Answer I simulate \(400\) observations for \(\epsilon \sim 2\times N(0,1)\) and \(\beta=4\), as seen in this single chunk. Notice an upward trend.

n <- 100
E <- rnorm(n)
X <- seq(n)
Y <- 4*X + 2*E

library(plotly)
plot_ly( data=data.frame(X=X,Y=Y), x=~X, y=~Y)

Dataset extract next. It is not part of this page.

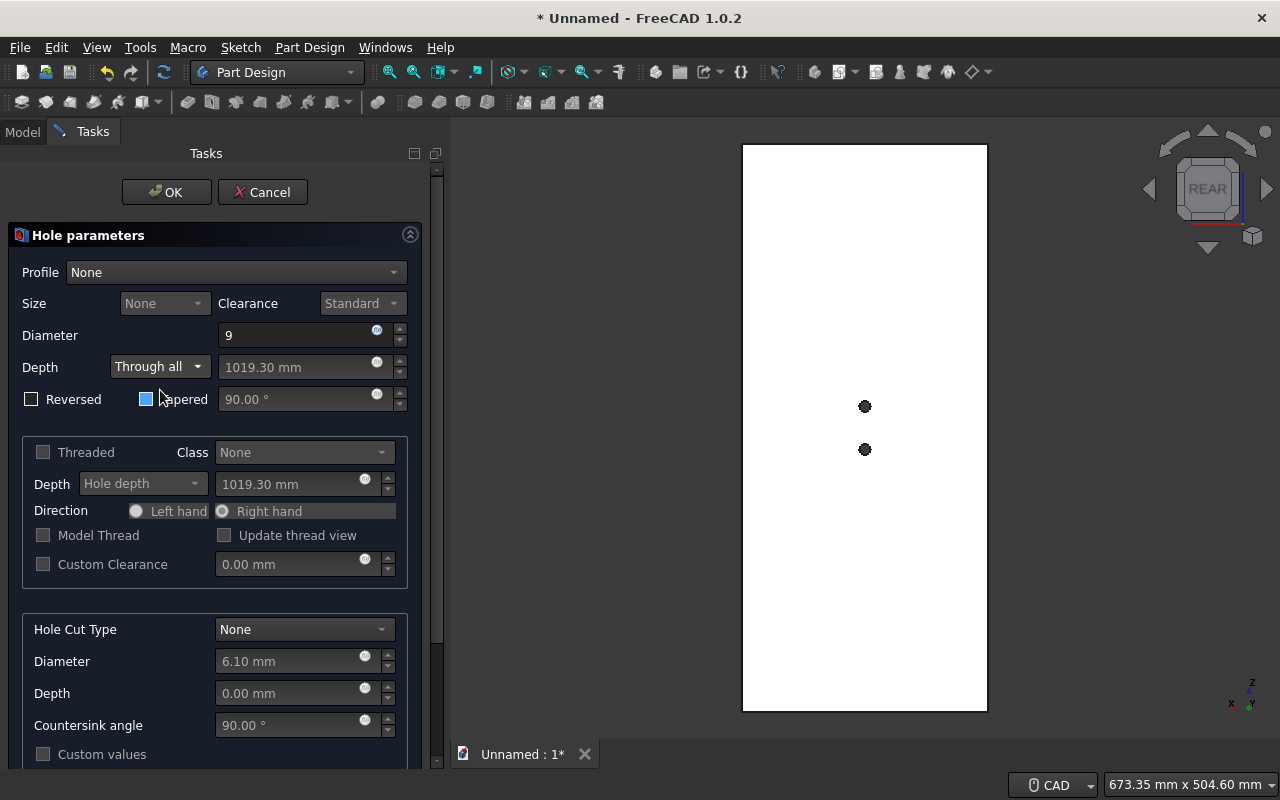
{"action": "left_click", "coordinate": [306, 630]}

Question 2 Verify the definition of a line segment for points \(A=(0,3), B=(1,5)\) using a \(101 \times 101\) grid. Recall a line segment is all points \(s\) that have \(d(s, A) + d(s, B) = d(A, B)\).

Answer

library(sf)
s_1 <- c(0,3)
s_2 <- c(1,5)
Seg1 <- st_linestring( rbind(s_1,s_2) )
grid_pts <- expand.grid(
    x=seq(s_1[1],s_2[1], length.out=101),
    y=seq(s_1[2],s_2[2], length.out=101)
)

Seg1_dist <- dist( Seg1 )
grid_pts$dist <- apply(grid_pts, 1, function(s){
    dist( rbind(s,s_1) ) + dist( rbind(s,s_2) ) })
grid_pts$seg <- grid_pts$dist == Seg1_dist

D_point_seg <- st_multipoint( as.matrix(grid_pts[grid_pts$seg==T,1:2]) ) 
D_point_notseg <- st_multipoint( as.matrix(grid_pts[grid_pts$seg==F,1:2]) ) 

plot(Seg1)
points(D_point_notseg, col=2, pch='.')
points(D_point_seg)
box()

11.3 Posters and Slides

See

And download source files

Simply change the name to your own, and compile the document. If you have not installed Latex, then you must do that or specify a different output in order to compile DataScientism_Slides. For example, simply change output: beamer_presentation to output: ioslides_presentation on line 6.